Facing the Revocation by Carolyn Chappell Lougee

Facing the Revocation by Carolyn Chappell Lougee

Author:Carolyn Chappell Lougee
Language: eng
Format: epub
Publisher: Oxford University Press
Published: 2016-03-15T00:00:00+00:00


Whither Berneré?

Once Thérèse died, there were no more Champagné in France. Since all Thérèse’s siblings were fugitives, her properties would be split among her nearest paternal and maternal kin, according to the estates’ varied provenances. Her father’s properties fell to the daughters of Casimir Prévost de Touchimbert and Marie de Robillard.
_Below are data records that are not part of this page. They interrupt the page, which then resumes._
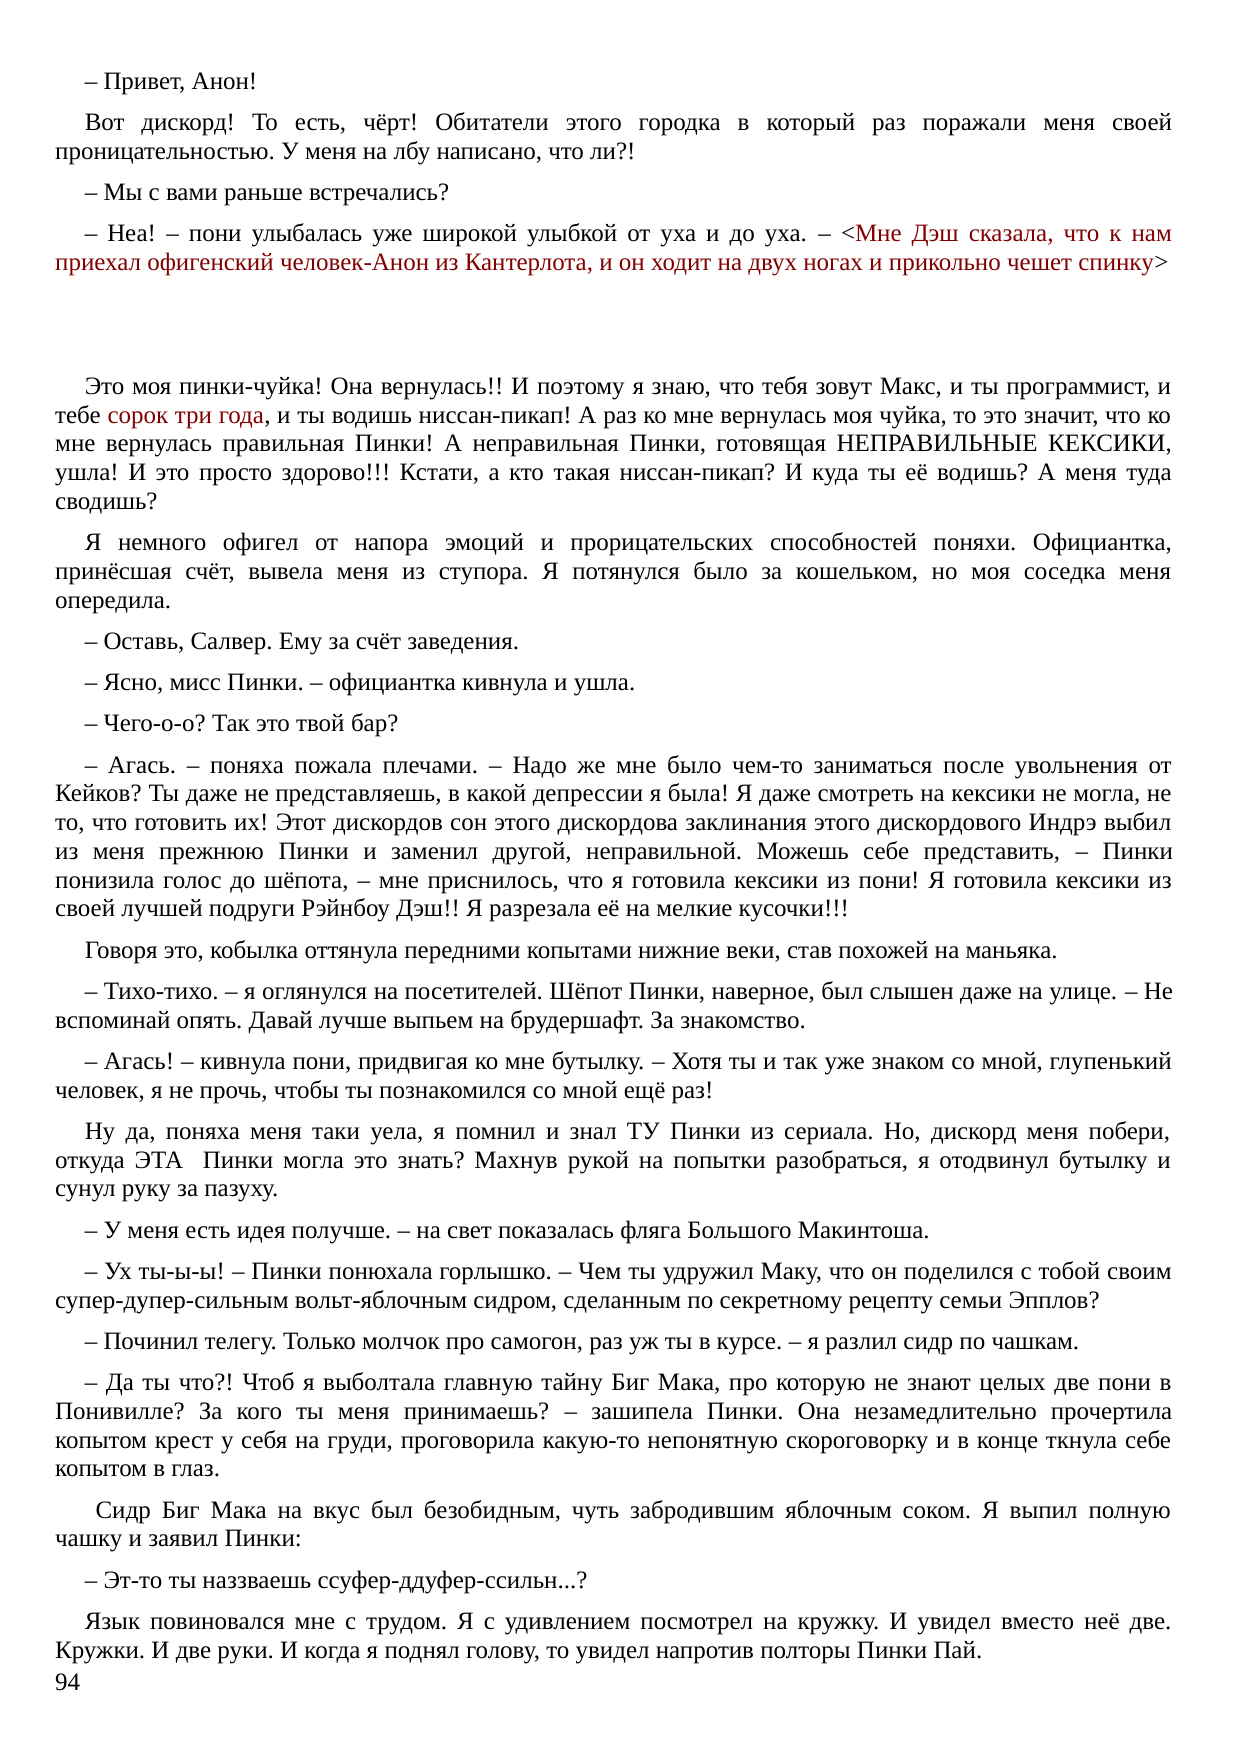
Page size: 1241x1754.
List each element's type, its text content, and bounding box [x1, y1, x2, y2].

text – Починил телегу. Только молчок про самогон, раз уж ты в курсе. – я разлил сидр по чашкам. [55, 1326, 1173, 1355]
text Ну да, поняха меня таки уела, я помнил и знал ТУ Пинки из сериала. Но, дискорд меня побери, откуда ЭТА Пинки могла это знать? Махнув рукой на попытки разобраться, я отодвинул бутылку и сунул руку за пазуху. [55, 1116, 1173, 1202]
text Я немного офигел от напора эмоций и прорицательских способностей поняхи. Официантка, принёсшая счёт, вывела меня из ступора. Я потянулся было за кошельком, но моя соседка меня опередила. [55, 527, 1173, 613]
text – У меня есть идея получше. – на свет показалась фляга Большого Макинтоша. [55, 1215, 1173, 1243]
text Сидр Биг Мака на вкус был безобидным, чуть забродившим яблочным соком. Я выпил полную чашку и заявил Пинки: [55, 1495, 1173, 1552]
text Говоря это, кобылка оттянула передними копытами нижние веки, став похожей на маньяка. [55, 935, 1173, 963]
text Это моя пинки-чуйка! Она вернулась!! И поэтому я знаю, что тебя зовут Макс, и ты программист, и тебе сорок три года, и ты водишь ниссан-пикап! А раз ко мне вернулась моя чуйка, то это значит, что ко мне вернулась правильная Пинки! А неправильная Пинки, готовящая НЕПРАВИЛЬНЫЕ КЕКСИКИ, ушла! И это просто здорово!!! Кстати, а кто такая ниссан-пикап? И куда ты её водишь? А меня туда сводишь? [55, 371, 1173, 515]
text – Ух ты-ы-ы! – Пинки понюхала горлышко. – Чем ты удружил Маку, что он поделился с тобой своим супер-дупер-сильным вольт-яблочным сидром, сделанным по секретному рецепту семьи Эпплов? [55, 1256, 1173, 1313]
text – Эт-то ты наззваешь ссуфер-ддуфер-ссильн...? [55, 1565, 1173, 1593]
text – Агась. – поняха пожала плечами. – Надо же мне было чем-то заниматься после увольнения от Кейков? Ты даже не представляешь, в какой депрессии я была! Я даже смотреть на кексики не могла, не то, что готовить их! Этот дискордов сон этого дискордова заклинания этого дискордового Индрэ выбил из меня прежнюю Пинки и заменил другой, неправильной. Можешь себе представить, – Пинки понизила голос до шёпота, – мне приснилось, что я готовила кексики из пони! Я готовила кексики из своей лучшей подруги Рэйнбоу Дэш!! Я разрезала её на мелкие кусочки!!! [55, 750, 1173, 922]
text Язык повиновался мне с трудом. Я с удивлением посмотрел на кружку. И увидел вместо неё две. Кружки. И две руки. И когда я поднял голову, то увидел напротив полторы Пинки Пай. [55, 1606, 1173, 1663]
text Вот дискорд! То есть, чёрт! Обитатели этого городка в который раз поражали меня своей проницательностью. У меня на лбу написано, что ли?! [55, 107, 1173, 165]
text – Тихо-тихо. – я оглянулся на посетителей. Шёпот Пинки, наверное, был слышен даже на улице. – Не вспоминай опять. Давай лучше выпьем на брудершафт. За знакомство. [55, 976, 1173, 1033]
text – Да ты что?! Чтоб я выболтала главную тайну Биг Мака, про которую не знают целых две пони в Понивилле? За кого ты меня принимаешь? – зашипела Пинки. Она незамедлительно прочертила копытом крест у себя на груди, проговорила какую-то непонятную скороговорку и в конце ткнула себе копытом в глаз. [55, 1367, 1173, 1482]
text – Чего-о-о? Так это твой бар? [55, 708, 1173, 737]
text – Оставь, Салвер. Ему за счёт заведения. [55, 626, 1173, 655]
text – Привет, Анон! [55, 66, 1173, 95]
text – Неа! – пони улыбалась уже широкой улыбкой от уха и до уха. – <Мне Дэш сказала, что к нам приехал офигенский человек-Анон из Кантерлота, и он ходит на двух ногах и прикольно чешет спинку> [55, 218, 1173, 276]
text – Мы с вами раньше встречались? [55, 177, 1173, 206]
text – Ясно, мисс Пинки. – официантка кивнула и ушла. [55, 667, 1173, 696]
text – Агась! – кивнула пони, придвигая ко мне бутылку. – Хотя ты и так уже знаком со мной, глупенький человек, я не прочь, чтобы ты познакомился со мной ещё раз! [55, 1046, 1173, 1103]

Berneré—still encumbered by Madelene de Solière’s long battle to recover her dowry and légitime— went in the short term to her mother’s sister, Elisabeth de La Rochefoucauld, who had married Jean-Baptiste Dupuy de La Martinie in 1686.41 But the contest for Berneré would drag on for nearly half a century longer.

In January 1705, Madelene de Solière won an order from the Parlement of Bordeaux prohibiting Elisabeth from cutting timber at Berneré, on the grounds that she could not degrade the value of property on which the Parlement had recognized Madelene’s legitimate claim. At last, in July 1706, Madelene de Solière gained the final ruling in the long-running case, which annulled the renunciation of inheritance she had signed decades before and in effect placed the parties once again in the situation predating Madelene’s marriage, with Madelene entitled to 12,000 livres, plus interest, from the holdings of her long-deceased sister, mother of the La Rochefoucauld sisters.42 Madelene de Solière savored her vindication only briefly, for she died the following year.43 Her heir was Susanne de Lestang, daughter of Madelene’s sister Susanne de Solière.44 Lestang obtained an arrêt in 1709 from the Parlement ordering payment to (the heirs of) Madelene de Solière of the inheritance her mother, Susanne Isle, had never given her: the original 12,000 livres plus 24,000 livres in interest. Elisabeth de La Rochefoucauld, having no other means of paying the swollen inheritance as the court ordered, ceded Berneré to Susanne de Lestang on January 12, 1710.45

In the end, then, Madelene’s struggles availed herself little and accomplished only the transfer of her parents’ estate from one set of her nieces to another: from the daughters of her eldest sister, whom parental preference had designated for the larger legacy, to the daughter of her younger sister, who, as third-born, had accepted a minor portion without demur. By disputing the property division that Susanne Isle elected, Madelene contributed to the abandonment of Thérèse by the emigration of Marie de La Rochefoucauld and the rest of the Champagné.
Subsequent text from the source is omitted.